This appeal is from the final decree of the circuit court entered at a regular session thereof after the complainant had been thrice given leave to amend his bill, the last amendment being a substituted bill. The original bill was filed February 2, 1949. The substituted bill was filed July 18, 1949, and was more comprehensive as to the, facts pleaded, — challenged the validity of an alleged ordinance passed by the Mayor and City Council of Andalusia, a municipal corporation, on February 8, 1949, attached as exhibits said ordinance and other ordinances affecting the alleged zoned status of a lot or parcel of land owned by the defendant Colquett, changing the same from "Class A Residence Property" to "Local Business Property."
The only matter before the circuit court, sitting in equity, when the ruling complained of was made and material to be here considered, was the case as presented by the averments of the substituted bill and the exhibits thereto. McGowin v. McGowin,232 Ala. 601, 169 So. 232.
The last amendment — the substituted bill — though filed July 18, 1949, under Rule 28 of Equity Practice, subdivision (f), related back to and became effective as of February 2, 1949, the date of filing the original bill, and imposed on the complainant the burden of showing by averment and proof that complainant had an equitable cause of action, or a justiciable controversy, as to which he had the right to invoke the court's intervention. Equity Rule 28, Subdiv.(f); Code 1940, Tit. 7 Appendix, p. 1071; Sellers v. Valenzuela, 249 Ala. 627,32 So.2d 517.
The averments of said substituted bill and the exhibits thereto go to show that said ordinance was not passed until February 8, 1949. It further appears from the averments of the bill that on March 26, 1949, by a subsequent comprehensive zoning ordinance "made Exhibit D", that all prior zoning ordinances were repealed, not excepting said alleged ordinance of February 8, 1949.
Said bill also avers that complainant appeared before the planning commission, while it was considering said objectionable ordinance and stated that "he would have no objection to the property of J. F. Colquett being zoned for business, provided *Page 631 his (complainant's) property immediately across the street was likewise zoned." The averments of the bill showed that the defendant Colquett at the time was one of the City Councilmen. The quoted averment under the circumstances shows lack of good faith on the part of complainant and a disposition on his part to engage in bargaining to procure an exception of his property from the effect of the general zoning ordinance adopted for the public benefit. The defects pointed out go to the equity of the bill and were not only pointed out by some of the specific grounds of demurrer, but its equity was challenged by general demurrer for want of equity.

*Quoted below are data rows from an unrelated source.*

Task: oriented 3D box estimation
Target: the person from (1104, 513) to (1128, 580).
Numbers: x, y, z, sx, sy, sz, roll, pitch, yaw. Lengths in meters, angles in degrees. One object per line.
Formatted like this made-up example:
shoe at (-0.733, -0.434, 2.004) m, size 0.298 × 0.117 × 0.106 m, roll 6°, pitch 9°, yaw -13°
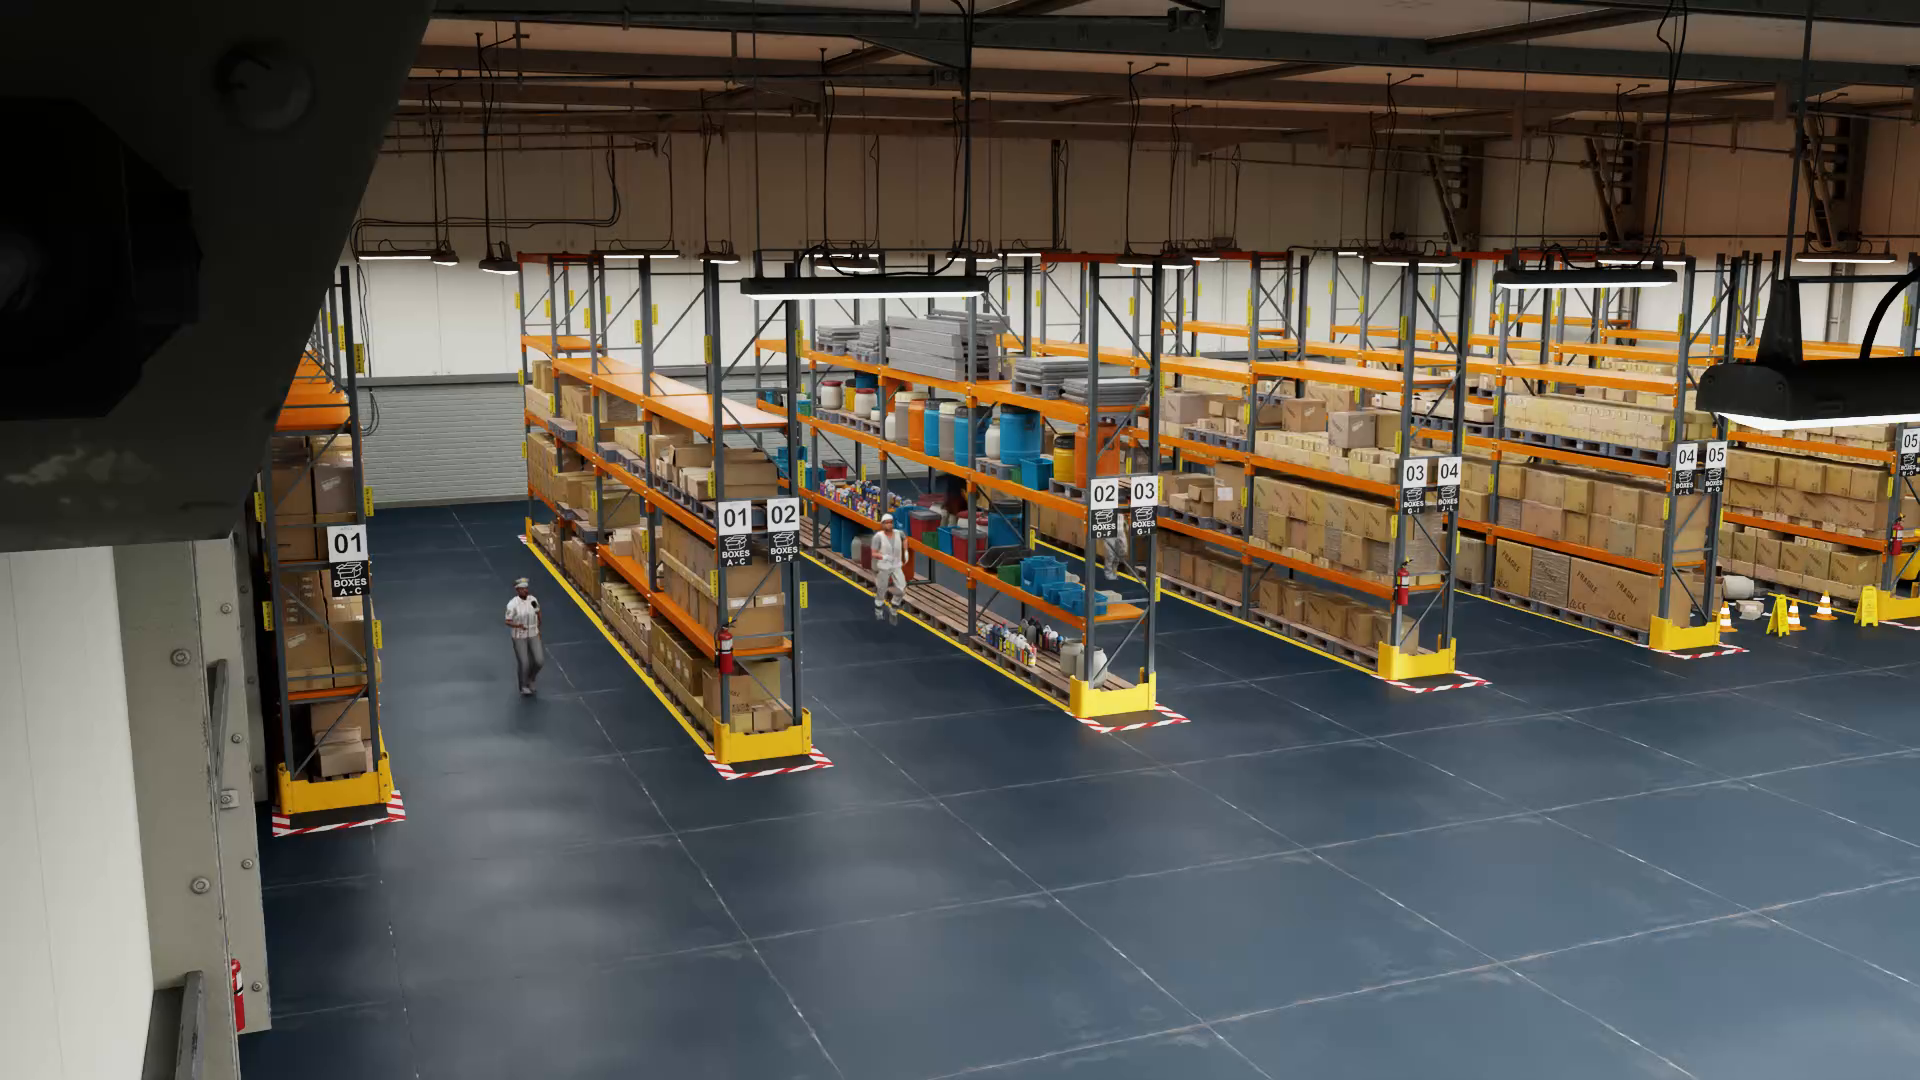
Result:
person at (2.736, -0.137, 29.353) m, size 0.672 × 1.770 × 0.567 m, roll -5°, pitch 12°, yaw -26°

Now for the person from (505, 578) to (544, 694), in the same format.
person at (-5.982, 1.345, 23.029) m, size 0.563 × 1.658 × 0.572 m, roll -7°, pitch 12°, yaw -32°

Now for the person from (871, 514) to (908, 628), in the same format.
person at (-1.072, 0.476, 25.931) m, size 0.675 × 1.810 × 0.830 m, roll -3°, pitch 11°, yaw -18°

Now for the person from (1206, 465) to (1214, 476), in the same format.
person at (6.648, -2.176, 42.332) m, size 0.973 × 1.789 × 0.676 m, roll -5°, pitch 11°, yaw -25°

Lack of good faith on the part of one who invokes the intervention of a court of equity is sufficient to warrant noninterference. "It is not only fraud or illegality which will prevent a suitor from entering a court of equity; any really unconscientious conduct, connected with the controversy to which he is a party, will repel him from the forum whose foundation is good conscience." 1 Pom. Equity Juris., § 404; McCord v. Bridges, 205 Ala. 692, 694, 89 So. 39; Harton v. Little, 188 Ala. 640, 65 So. 951.
We are therefore of opinion that the averments of the substituted bill not only show lack of good faith in the existence of an equitable right, but the absence of a justiciable controversy between the parties or other equitable right in the complainant on February 2, 1949, when the original bill was filed.
No error appearing the decree dismissing the bill is due to be affirmed.
Affirmed.
LIVINGSTON, SIMPSON and STAKELY, JJ., concur.